Teardown of Phi-4 Multimodal technical report
Hours after I published the last speech scoop, Microsoft released the Phi-4 Multimodal technical report. While this wasn’t a dialogue model, they achieve very strong numbers on a bunch of audio understanding tasks (although I do think that some of their evals are cooked; after playing with the demo, I have a very hard time that they best Geminin and GPT-4o on a bunch of audio QA tasks) and took a novel approach that I found worth covering.
Instead of training a model from some checkpoint with audio tokens or bolting on an adapter, they dynamically load LoRAs for different token types. This let them maintain the performance of the pre-trained text model with new modalities and deliver an e2e-type approach with minimal additional training. Loading and unloading all of these LoRAs seems hard to serve and I’m not sure that I buy the merits of the approach given the complexity, but time will tell if something like this wins out.
Don’t sleep on Chinese models part VII: Baidu does audio with Ernie 4.5
I haven’t been able to test this because their consumer product is entirely in Chinese and doesn’t have an obvious voice entry point, but their launch announcement claims frontier performance across modalities including support for audio and OSS soon. It’s not clear whether these are true native dialogue capabilities or just understanding like Gemini 1.5 and Qwen.

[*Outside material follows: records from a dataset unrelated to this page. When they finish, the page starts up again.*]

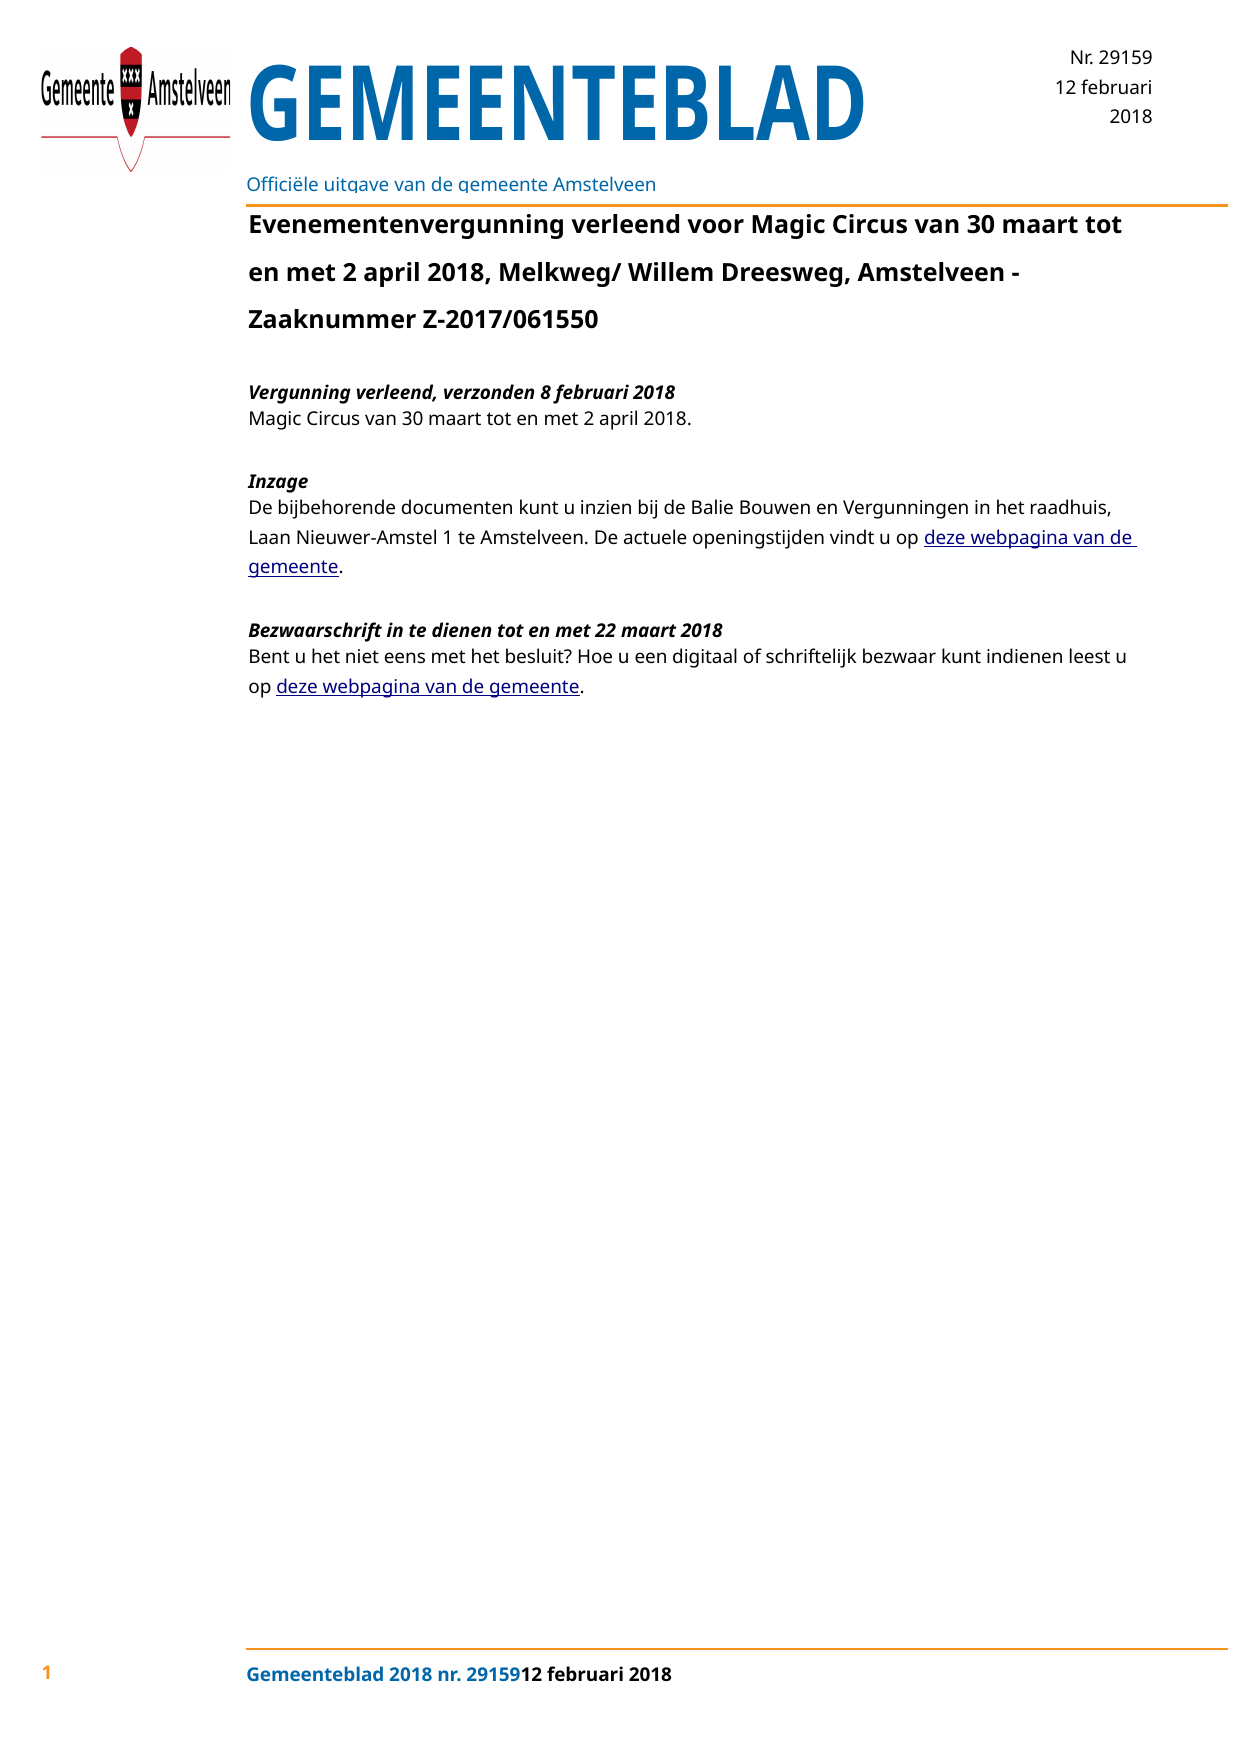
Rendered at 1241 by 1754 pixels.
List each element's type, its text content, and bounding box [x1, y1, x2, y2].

text Evenementenvergunning verleend voor Magic Circus van 30 maart tot en met 2 april 2018, Melkweg/ Willem Dreesweg, Amstelveen - Zaaknummer Z-2017/061550 [248, 207, 1152, 336]
text Vergunning verleend, verzonden 8 februari 2018 [248, 379, 1152, 405]
picture [41, 47, 231, 172]
text Inzage [248, 469, 1152, 494]
text Magic Circus van 30 maart tot en met 2 april 2018. [248, 405, 1152, 431]
text Bent u het niet eens met het besluit? Hoe u een digitaal of schriftelijk bezwaar kunt indienen leest u op deze webpagina van de gemeente. [248, 643, 1152, 699]
text De bijbehorende documenten kunt u inzien bij de Balie Bouwen en Vergunningen in het raadhuis, Laan Nieuwer-Amstel 1 te Amstelveen. De actuele openingstijden vindt u op deze webpagina van de gemeente. [248, 494, 1152, 579]
text Bezwaarschrift in te dienen tot en met 22 maart 2018 [248, 618, 1152, 643]
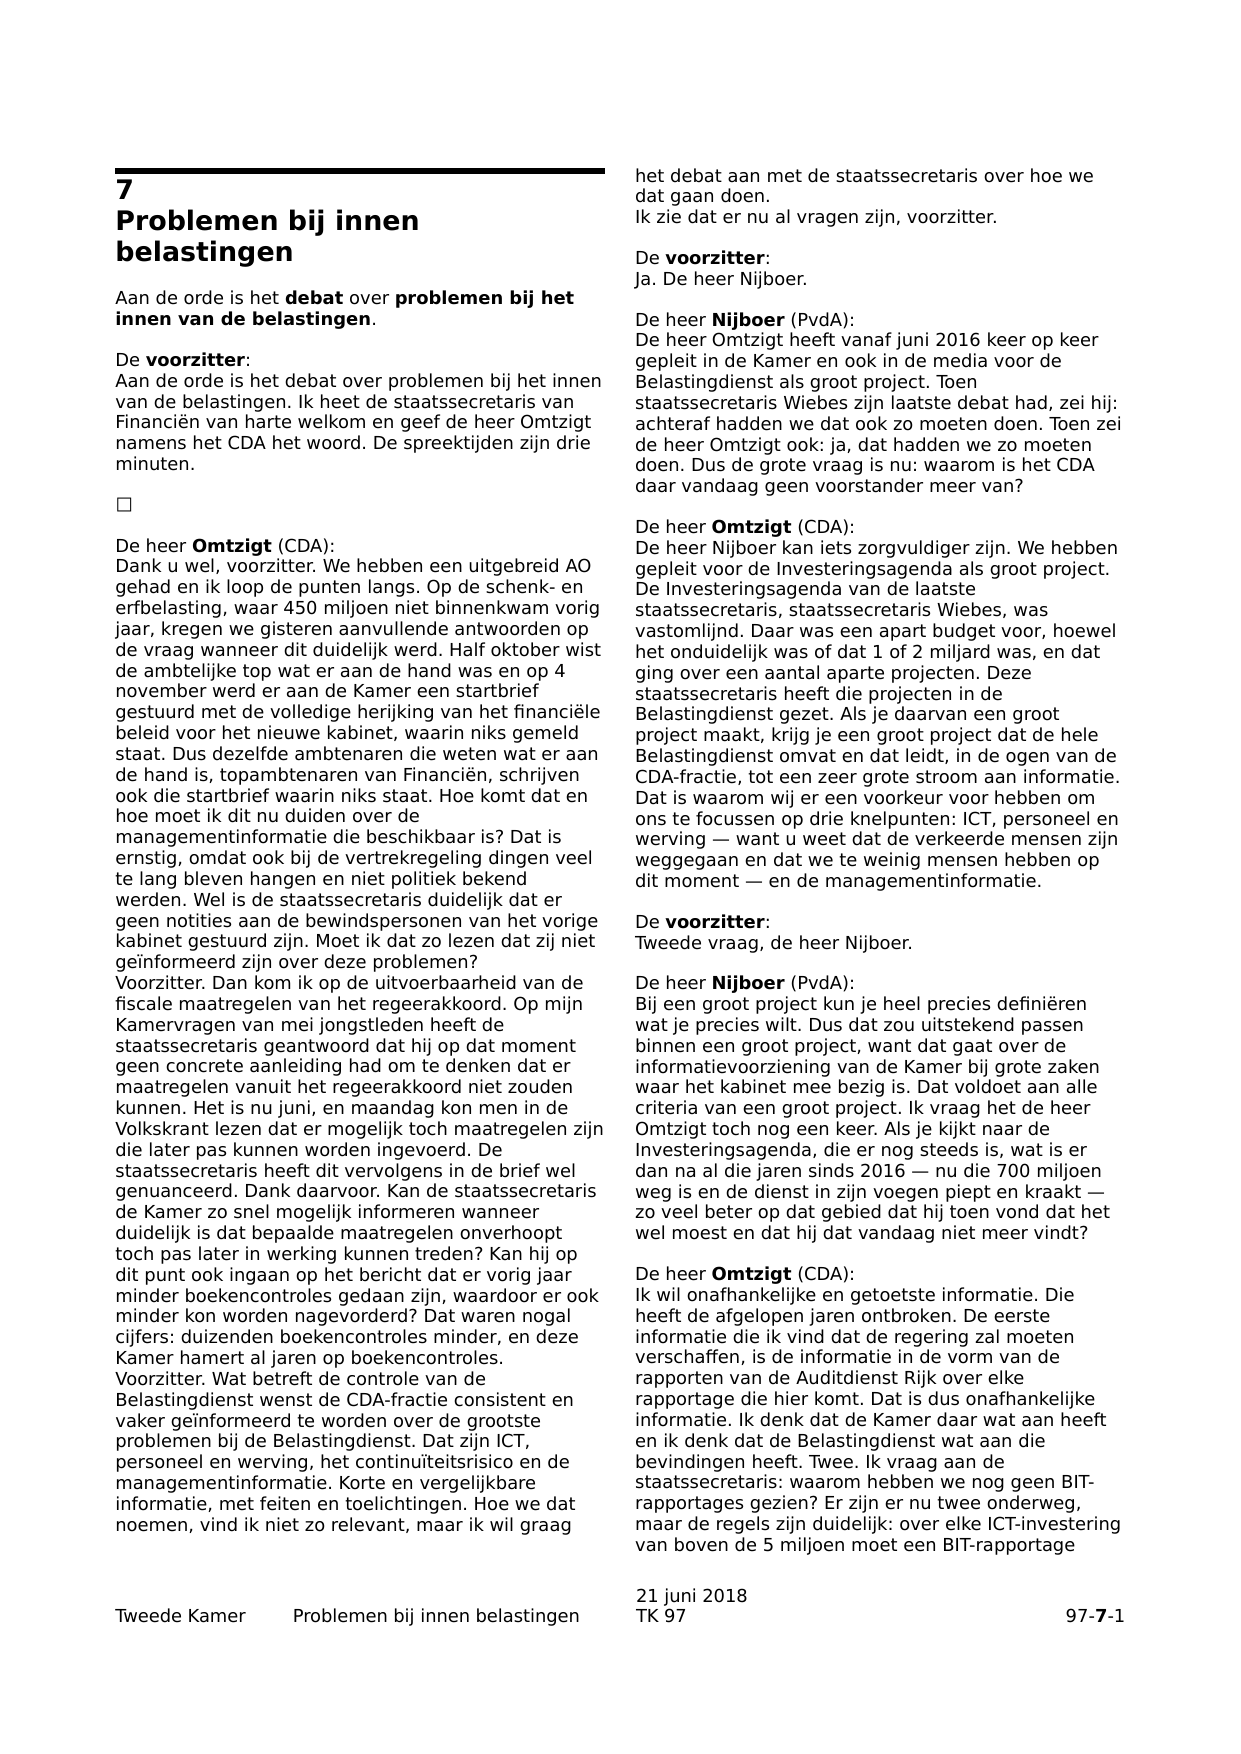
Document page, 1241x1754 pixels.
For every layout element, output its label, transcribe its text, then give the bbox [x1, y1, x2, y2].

text De heer Omtzigt (CDA): [115, 535, 605, 556]
text De heer Nijboer kan iets zorgvuldiger zijn. We hebben gepleit voor de Investeringsagenda als groot project. De Investeringsagenda van de laatste staatssecretaris, staatssecretaris Wiebes, was vastomlijnd. Daar was een apart budget voor, hoewel het onduidelijk was of dat 1 of 2 miljard was, en dat ging over een aantal aparte projecten. Deze staatssecretaris heeft die projecten in de Belastingdienst gezet. Als je daarvan een groot project maakt, krijg je een groot project dat de hele Belastingdienst omvat en dat leidt, in de ogen van de CDA-fractie, tot een zeer grote stroom aan informatie. Dat is waarom wij er een voorkeur voor hebben om ons te focussen op drie knelpunten: ICT, personeel en werving — want u weet dat de verkeerde mensen zijn weggegaan en dat we te weinig mensen hebben op dit moment — en de managementinformatie. [635, 537, 1125, 892]
text ⬜ [115, 495, 605, 515]
title 7 Problemen bij innen belastingen [115, 174, 605, 268]
text De heer Omtzigt heeft vanaf juni 2016 keer op keer gepleit in de Kamer en ook in de media voor de Belastingdienst als groot project. Toen staatssecretaris Wiebes zijn laatste debat had, zei hij: achteraf hadden we dat ook zo moeten doen. Toen zei de heer Omtzigt ook: ja, dat hadden we zo moeten doen. Dus de grote vraag is nu: waarom is het CDA daar vandaag geen voorstander meer van? [635, 330, 1125, 497]
text De heer Omtzigt (CDA): [635, 517, 1125, 537]
text De heer Omtzigt (CDA): [635, 1264, 1125, 1285]
text Ik zie dat er nu al vragen zijn, voorzitter. [635, 207, 1125, 228]
text Dank u wel, voorzitter. We hebben een uitgebreid AO gehad en ik loop de punten langs. Op de schenk- en erfbelasting, waar 450 miljoen niet binnenkwam vorig jaar, kregen we gisteren aanvullende antwoorden op de vraag wanneer dit duidelijk werd. Half oktober wist de ambtelijke top wat er aan de hand was en op 4 november werd er aan de Kamer een startbrief gestuurd met de volledige herijking van het financiële beleid voor het nieuwe kabinet, waarin niks gemeld staat. Dus dezelfde ambtenaren die weten wat er aan de hand is, topambtenaren van Financiën, schrijven ook die startbrief waarin niks staat. Hoe komt dat en hoe moet ik dit nu duiden over de managementinformatie die beschikbaar is? Dat is ernstig, omdat ook bij de vertrekregeling dingen veel te lang bleven hangen en niet politiek bekend werden. Wel is de staatssecretaris duidelijk dat er geen notities aan de bewindspersonen van het vorige kabinet gestuurd zijn. Moet ik dat zo lezen dat zij niet geïnformeerd zijn over deze problemen? [115, 556, 605, 973]
text Ja. De heer Nijboer. [635, 268, 1125, 289]
text Aan de orde is het debat over problemen bij het innen van de belastingen. Ik heet de staatssecretaris van Financiën van harte welkom en geef de heer Omtzigt namens het CDA het woord. De spreektijden zijn drie minuten. [115, 371, 605, 475]
text Bij een groot project kun je heel precies definiëren wat je precies wilt. Dus dat zou uitstekend passen binnen een groot project, want dat gaat over de informatievoorziening van de Kamer bij grote zaken waar het kabinet mee bezig is. Dat voldoet aan alle criteria van een groot project. Ik vraag het de heer Omtzigt toch nog een keer. Als je kijkt naar de Investeringsagenda, die er nog steeds is, wat is er dan na al die jaren sinds 2016 — nu die 700 miljoen weg is en de dienst in zijn voegen piept en kraakt — zo veel beter op dat gebied dat hij toen vond dat het wel moest en dat hij dat vandaag niet meer vindt? [635, 994, 1125, 1244]
text het debat aan met de staatssecretaris over hoe we dat gaan doen. [635, 165, 1125, 207]
text Voorzitter. Dan kom ik op de uitvoerbaarheid van de fiscale maatregelen van het regeerakkoord. Op mijn Kamervragen van mei jongstleden heeft de staatssecretaris geantwoord dat hij op dat moment geen concrete aanleiding had om te denken dat er maatregelen vanuit het regeerakkoord niet zouden kunnen. Het is nu juni, en maandag kon men in de Volkskrant lezen dat er mogelijk toch maatregelen zijn die later pas kunnen worden ingevoerd. De staatssecretaris heeft dit vervolgens in de brief wel genuanceerd. Dank daarvoor. Kan de staatssecretaris de Kamer zo snel mogelijk informeren wanneer duidelijk is dat bepaalde maatregelen onverhoopt toch pas later in werking kunnen treden? Kan hij op dit punt ook ingaan op het bericht dat er vorig jaar minder boekencontroles gedaan zijn, waardoor er ook minder kon worden nagevorderd? Dat waren nogal cijfers: duizenden boekencontroles minder, en deze Kamer hamert al jaren op boekencontroles. [115, 973, 605, 1369]
text De voorzitter: [115, 350, 605, 371]
text De heer Nijboer (PvdA): [635, 309, 1125, 330]
text De heer Nijboer (PvdA): [635, 973, 1125, 994]
text De voorzitter: [635, 248, 1125, 268]
text De voorzitter: [635, 912, 1125, 932]
text Ik wil onafhankelijke en getoetste informatie. Die heeft de afgelopen jaren ontbroken. De eerste informatie die ik vind dat de regering zal moeten verschaffen, is de informatie in de vorm van de rapporten van de Auditdienst Rijk over elke rapportage die hier komt. Dat is dus onafhankelijke informatie. Ik denk dat de Kamer daar wat aan heeft en ik denk dat de Belastingdienst wat aan die bevindingen heeft. Twee. Ik vraag aan de staatssecretaris: waarom hebben we nog geen BIT-rapportages gezien? Er zijn er nu twee onderweg, maar de regels zijn duidelijk: over elke ICT-investering van boven de 5 miljoen moet een BIT-rapportage [635, 1285, 1125, 1556]
text Tweede vraag, de heer Nijboer. [635, 932, 1125, 953]
text Voorzitter. Wat betreft de controle van de Belastingdienst wenst de CDA-fractie consistent en vaker geïnformeerd te worden over de grootste problemen bij de Belastingdienst. Dat zijn ICT, personeel en werving, het continuïteitsrisico en de managementinformatie. Korte en vergelijkbare informatie, met feiten en toelichtingen. Hoe we dat noemen, vind ik niet zo relevant, maar ik wil graag [115, 1369, 605, 1535]
text Aan de orde is het debat over problemen bij het innen van de belastingen. [115, 288, 605, 330]

Measuring dialogue quality just got a little easier
Talking Turns: Benchmarking Audio Foundation Models on Turn-Taking Dynamics and Full-Duplex-Bench: A Benchmark to Evaluate Full-duplex Spoken Dialogue Models on Turn-taking Capabilities just dropped proposing new methods to evaluate the conversationality of dialogue models. I haven’t read in depth, but I think that this is important work and anticipate some of these metrics to start to become industry standards.